> **Task item**
Review the material and extract every line in which the word "dxfattribs" occurs.
::: Data to examine :::
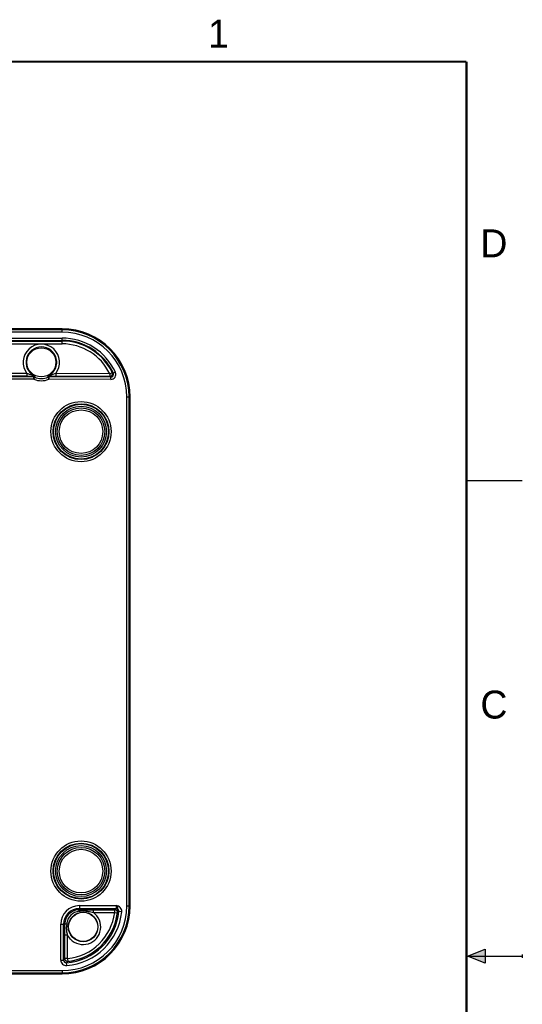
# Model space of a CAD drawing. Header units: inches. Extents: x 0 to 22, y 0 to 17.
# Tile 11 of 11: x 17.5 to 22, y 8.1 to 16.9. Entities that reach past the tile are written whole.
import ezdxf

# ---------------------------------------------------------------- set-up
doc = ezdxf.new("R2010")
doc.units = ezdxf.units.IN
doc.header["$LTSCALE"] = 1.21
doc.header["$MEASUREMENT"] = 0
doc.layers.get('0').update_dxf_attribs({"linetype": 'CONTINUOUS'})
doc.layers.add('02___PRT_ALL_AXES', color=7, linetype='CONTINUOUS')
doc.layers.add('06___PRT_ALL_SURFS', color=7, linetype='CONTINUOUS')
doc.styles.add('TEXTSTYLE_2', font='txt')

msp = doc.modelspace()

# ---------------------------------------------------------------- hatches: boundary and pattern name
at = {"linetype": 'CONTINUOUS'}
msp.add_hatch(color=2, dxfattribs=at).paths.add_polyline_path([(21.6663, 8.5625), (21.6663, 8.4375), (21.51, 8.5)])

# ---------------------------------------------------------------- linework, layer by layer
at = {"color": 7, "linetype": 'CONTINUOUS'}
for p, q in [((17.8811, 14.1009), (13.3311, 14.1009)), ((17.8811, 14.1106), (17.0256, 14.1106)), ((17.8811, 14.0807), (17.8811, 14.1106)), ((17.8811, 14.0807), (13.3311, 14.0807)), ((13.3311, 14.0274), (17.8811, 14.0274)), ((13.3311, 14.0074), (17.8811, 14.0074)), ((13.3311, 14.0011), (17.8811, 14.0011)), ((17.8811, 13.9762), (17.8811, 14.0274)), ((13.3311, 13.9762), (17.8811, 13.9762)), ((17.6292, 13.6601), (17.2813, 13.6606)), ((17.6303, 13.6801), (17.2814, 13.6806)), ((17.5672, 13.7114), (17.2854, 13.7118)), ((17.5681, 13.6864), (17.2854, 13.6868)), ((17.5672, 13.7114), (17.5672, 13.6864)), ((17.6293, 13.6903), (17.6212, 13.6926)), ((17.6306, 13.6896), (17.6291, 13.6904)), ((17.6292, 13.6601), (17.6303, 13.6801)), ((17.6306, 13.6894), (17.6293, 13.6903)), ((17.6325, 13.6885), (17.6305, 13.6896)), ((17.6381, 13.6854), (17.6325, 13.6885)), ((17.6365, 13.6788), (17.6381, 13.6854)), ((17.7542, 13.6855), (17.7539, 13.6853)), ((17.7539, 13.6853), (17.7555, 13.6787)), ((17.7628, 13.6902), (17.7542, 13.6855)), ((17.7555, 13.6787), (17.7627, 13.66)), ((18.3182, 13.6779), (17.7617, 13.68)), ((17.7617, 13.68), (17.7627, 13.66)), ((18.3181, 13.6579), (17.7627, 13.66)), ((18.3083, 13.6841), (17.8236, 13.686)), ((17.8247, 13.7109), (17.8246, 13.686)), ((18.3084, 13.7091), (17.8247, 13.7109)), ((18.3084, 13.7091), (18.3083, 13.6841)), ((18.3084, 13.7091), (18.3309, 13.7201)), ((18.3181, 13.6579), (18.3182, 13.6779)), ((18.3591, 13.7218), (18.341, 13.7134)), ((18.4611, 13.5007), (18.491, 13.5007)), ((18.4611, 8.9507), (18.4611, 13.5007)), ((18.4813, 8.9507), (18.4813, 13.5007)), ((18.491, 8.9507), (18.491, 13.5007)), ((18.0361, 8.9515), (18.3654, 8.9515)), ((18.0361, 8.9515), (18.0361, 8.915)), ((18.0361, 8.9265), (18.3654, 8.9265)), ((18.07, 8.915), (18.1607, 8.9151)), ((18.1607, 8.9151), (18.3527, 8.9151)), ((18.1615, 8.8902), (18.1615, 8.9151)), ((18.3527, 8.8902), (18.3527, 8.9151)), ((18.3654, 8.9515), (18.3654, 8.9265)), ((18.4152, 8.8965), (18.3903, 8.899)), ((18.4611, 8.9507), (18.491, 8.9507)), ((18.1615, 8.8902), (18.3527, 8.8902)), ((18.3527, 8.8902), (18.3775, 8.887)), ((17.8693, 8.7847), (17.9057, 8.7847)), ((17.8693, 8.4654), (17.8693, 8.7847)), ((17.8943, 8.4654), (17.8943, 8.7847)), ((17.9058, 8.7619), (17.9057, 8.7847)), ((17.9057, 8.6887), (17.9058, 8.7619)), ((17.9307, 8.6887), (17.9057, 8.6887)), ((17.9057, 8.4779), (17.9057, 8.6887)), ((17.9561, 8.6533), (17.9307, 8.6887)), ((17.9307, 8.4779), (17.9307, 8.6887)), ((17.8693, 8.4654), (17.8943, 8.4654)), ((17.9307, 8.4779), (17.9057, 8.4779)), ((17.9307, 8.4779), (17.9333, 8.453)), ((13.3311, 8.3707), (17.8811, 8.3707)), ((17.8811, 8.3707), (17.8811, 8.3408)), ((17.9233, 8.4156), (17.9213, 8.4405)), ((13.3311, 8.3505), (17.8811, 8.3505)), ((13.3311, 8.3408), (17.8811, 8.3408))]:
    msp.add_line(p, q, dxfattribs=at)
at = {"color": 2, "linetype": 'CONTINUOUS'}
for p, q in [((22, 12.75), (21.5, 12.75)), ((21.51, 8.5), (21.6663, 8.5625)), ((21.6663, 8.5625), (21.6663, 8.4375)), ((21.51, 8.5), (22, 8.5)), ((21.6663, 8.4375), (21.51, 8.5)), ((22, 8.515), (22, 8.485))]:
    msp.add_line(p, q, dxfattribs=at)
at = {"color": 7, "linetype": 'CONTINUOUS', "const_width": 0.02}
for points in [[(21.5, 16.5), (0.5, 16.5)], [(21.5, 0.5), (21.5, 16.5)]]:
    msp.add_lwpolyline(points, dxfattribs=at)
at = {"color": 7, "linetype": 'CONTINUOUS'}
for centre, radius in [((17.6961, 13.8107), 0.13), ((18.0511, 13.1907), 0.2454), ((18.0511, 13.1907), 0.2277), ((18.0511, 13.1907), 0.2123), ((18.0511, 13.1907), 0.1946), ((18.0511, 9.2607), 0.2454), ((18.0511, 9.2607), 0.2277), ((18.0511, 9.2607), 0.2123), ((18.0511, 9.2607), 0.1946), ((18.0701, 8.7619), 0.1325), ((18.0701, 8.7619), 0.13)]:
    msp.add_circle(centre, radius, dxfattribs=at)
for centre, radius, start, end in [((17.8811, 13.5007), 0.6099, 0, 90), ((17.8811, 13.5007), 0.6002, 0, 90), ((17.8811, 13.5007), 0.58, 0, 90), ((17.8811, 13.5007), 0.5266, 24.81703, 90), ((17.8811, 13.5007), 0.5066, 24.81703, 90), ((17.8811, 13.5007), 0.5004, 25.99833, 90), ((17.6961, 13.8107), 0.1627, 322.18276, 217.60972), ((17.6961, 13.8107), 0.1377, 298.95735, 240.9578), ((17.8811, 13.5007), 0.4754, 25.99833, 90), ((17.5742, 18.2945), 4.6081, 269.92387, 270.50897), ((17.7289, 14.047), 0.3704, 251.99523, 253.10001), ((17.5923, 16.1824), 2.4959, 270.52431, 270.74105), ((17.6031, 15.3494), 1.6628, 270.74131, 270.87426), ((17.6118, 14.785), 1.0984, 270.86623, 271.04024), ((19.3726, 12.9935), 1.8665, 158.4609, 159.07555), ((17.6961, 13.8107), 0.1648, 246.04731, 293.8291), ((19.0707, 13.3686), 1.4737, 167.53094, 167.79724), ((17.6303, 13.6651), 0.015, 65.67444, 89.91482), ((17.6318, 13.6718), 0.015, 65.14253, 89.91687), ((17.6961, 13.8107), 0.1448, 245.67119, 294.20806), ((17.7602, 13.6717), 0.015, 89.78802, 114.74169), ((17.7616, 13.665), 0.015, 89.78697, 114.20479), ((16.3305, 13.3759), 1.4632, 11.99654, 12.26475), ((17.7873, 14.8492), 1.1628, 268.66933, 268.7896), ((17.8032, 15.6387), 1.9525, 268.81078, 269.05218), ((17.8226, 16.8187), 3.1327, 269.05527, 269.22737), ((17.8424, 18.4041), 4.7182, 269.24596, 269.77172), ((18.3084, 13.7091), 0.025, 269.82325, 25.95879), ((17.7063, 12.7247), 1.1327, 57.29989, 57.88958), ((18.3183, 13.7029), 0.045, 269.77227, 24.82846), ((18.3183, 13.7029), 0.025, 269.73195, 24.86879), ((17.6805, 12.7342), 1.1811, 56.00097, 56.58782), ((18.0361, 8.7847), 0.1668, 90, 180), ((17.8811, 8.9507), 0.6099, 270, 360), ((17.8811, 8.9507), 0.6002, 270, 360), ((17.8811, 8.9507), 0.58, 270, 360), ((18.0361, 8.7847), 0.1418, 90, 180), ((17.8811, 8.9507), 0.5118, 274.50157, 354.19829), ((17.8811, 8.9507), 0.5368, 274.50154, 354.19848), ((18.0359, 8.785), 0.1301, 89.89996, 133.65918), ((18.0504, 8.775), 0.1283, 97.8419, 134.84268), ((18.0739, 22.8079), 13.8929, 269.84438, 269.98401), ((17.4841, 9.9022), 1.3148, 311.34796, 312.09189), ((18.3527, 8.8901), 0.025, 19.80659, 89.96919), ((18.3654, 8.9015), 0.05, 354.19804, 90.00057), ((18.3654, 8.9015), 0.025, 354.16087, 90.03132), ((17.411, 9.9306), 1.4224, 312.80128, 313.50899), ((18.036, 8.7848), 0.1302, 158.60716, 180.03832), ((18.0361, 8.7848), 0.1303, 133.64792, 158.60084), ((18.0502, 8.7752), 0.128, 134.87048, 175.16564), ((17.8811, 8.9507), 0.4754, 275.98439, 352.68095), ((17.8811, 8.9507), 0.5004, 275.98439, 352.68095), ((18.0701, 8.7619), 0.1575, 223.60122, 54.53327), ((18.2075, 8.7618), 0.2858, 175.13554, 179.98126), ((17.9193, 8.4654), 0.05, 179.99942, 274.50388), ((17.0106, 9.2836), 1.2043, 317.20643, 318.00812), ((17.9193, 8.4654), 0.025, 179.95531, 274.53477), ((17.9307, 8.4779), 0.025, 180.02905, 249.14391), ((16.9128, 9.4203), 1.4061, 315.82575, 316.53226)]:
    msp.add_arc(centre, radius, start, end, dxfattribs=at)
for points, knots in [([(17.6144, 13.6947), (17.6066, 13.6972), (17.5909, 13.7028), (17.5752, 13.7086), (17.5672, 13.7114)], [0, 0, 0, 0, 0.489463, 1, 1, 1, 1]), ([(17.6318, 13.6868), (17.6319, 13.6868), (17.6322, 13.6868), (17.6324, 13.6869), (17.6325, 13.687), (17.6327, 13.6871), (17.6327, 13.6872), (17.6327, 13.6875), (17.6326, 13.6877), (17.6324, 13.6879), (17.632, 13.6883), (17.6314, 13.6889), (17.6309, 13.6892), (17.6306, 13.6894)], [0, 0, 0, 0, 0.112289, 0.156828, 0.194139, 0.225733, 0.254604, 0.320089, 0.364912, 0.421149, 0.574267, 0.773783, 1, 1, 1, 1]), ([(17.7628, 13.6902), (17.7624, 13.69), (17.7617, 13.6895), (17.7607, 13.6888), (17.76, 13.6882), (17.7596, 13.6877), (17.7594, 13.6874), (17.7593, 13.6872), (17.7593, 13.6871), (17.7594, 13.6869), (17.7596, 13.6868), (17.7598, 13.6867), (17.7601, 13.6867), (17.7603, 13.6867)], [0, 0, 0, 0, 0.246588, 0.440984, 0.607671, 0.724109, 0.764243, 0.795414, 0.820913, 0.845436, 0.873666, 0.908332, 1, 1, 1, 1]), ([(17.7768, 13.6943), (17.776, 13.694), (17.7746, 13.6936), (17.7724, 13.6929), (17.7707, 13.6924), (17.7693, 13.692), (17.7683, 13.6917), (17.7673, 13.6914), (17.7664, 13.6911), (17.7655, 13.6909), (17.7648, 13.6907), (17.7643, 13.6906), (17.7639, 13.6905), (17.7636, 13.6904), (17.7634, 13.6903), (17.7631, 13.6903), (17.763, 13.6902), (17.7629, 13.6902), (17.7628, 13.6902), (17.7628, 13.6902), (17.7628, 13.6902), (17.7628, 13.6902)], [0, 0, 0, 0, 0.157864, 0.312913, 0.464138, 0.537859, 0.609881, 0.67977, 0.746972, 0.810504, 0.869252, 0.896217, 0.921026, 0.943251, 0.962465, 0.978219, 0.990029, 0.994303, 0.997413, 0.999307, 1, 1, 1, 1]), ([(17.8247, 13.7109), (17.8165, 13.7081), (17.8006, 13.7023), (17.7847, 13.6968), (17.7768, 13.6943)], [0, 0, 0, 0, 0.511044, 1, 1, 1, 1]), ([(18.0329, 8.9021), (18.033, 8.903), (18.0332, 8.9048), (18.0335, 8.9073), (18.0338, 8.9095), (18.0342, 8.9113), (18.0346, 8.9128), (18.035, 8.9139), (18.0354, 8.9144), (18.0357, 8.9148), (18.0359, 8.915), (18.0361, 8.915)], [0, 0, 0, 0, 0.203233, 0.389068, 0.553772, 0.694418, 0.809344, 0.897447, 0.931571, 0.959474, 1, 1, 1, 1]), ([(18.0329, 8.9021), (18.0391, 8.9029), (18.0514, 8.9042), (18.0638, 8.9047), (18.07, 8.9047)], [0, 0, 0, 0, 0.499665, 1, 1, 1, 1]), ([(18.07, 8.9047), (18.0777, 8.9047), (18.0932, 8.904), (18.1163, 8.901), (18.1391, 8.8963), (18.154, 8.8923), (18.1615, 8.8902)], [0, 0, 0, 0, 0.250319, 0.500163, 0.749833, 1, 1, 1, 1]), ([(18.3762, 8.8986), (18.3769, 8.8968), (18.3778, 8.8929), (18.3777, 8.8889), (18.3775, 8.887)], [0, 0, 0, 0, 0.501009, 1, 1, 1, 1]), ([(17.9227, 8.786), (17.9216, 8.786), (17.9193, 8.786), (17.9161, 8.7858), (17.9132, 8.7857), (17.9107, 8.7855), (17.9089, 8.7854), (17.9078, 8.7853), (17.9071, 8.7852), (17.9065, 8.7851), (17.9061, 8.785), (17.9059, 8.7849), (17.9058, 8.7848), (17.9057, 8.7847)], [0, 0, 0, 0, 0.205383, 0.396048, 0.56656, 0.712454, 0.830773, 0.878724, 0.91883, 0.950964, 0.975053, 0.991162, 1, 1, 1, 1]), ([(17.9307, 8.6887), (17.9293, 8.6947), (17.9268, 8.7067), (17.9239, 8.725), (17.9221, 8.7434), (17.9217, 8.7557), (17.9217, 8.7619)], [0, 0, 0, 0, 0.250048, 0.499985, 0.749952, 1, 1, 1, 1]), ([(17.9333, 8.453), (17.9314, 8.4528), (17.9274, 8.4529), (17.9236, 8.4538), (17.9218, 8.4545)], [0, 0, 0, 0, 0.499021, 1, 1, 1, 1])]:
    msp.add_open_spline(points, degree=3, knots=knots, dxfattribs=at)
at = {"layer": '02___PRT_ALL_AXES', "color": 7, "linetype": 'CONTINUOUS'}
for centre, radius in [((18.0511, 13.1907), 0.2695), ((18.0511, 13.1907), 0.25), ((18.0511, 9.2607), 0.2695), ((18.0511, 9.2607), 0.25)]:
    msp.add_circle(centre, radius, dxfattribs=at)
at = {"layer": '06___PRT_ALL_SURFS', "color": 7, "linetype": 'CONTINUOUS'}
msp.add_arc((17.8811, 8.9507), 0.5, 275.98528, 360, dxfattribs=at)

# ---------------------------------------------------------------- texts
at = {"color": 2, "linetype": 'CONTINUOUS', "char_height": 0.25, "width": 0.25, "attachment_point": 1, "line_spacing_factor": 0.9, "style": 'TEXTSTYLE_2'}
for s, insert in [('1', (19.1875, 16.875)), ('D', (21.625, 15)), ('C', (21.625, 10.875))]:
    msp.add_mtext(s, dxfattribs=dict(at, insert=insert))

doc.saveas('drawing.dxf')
:::
> **Output of the exercise**
msp.add_hatch(color=2, dxfattribs=at).paths.add_polyline_path([(21.6663, 8.5625), (21.6663, 8.4375), (21.51, 8.5)])
    msp.add_line(p, q, dxfattribs=at)
    msp.add_line(p, q, dxfattribs=at)
    msp.add_lwpolyline(points, dxfattribs=at)
    msp.add_circle(centre, radius, dxfattribs=at)
    msp.add_arc(centre, radius, start, end, dxfattribs=at)
    msp.add_open_spline(points, degree=3, knots=knots, dxfattribs=at)
    msp.add_circle(centre, radius, dxfattribs=at)
msp.add_arc((17.8811, 8.9507), 0.5, 275.98528, 360, dxfattribs=at)
    msp.add_mtext(s, dxfattribs=dict(at, insert=insert))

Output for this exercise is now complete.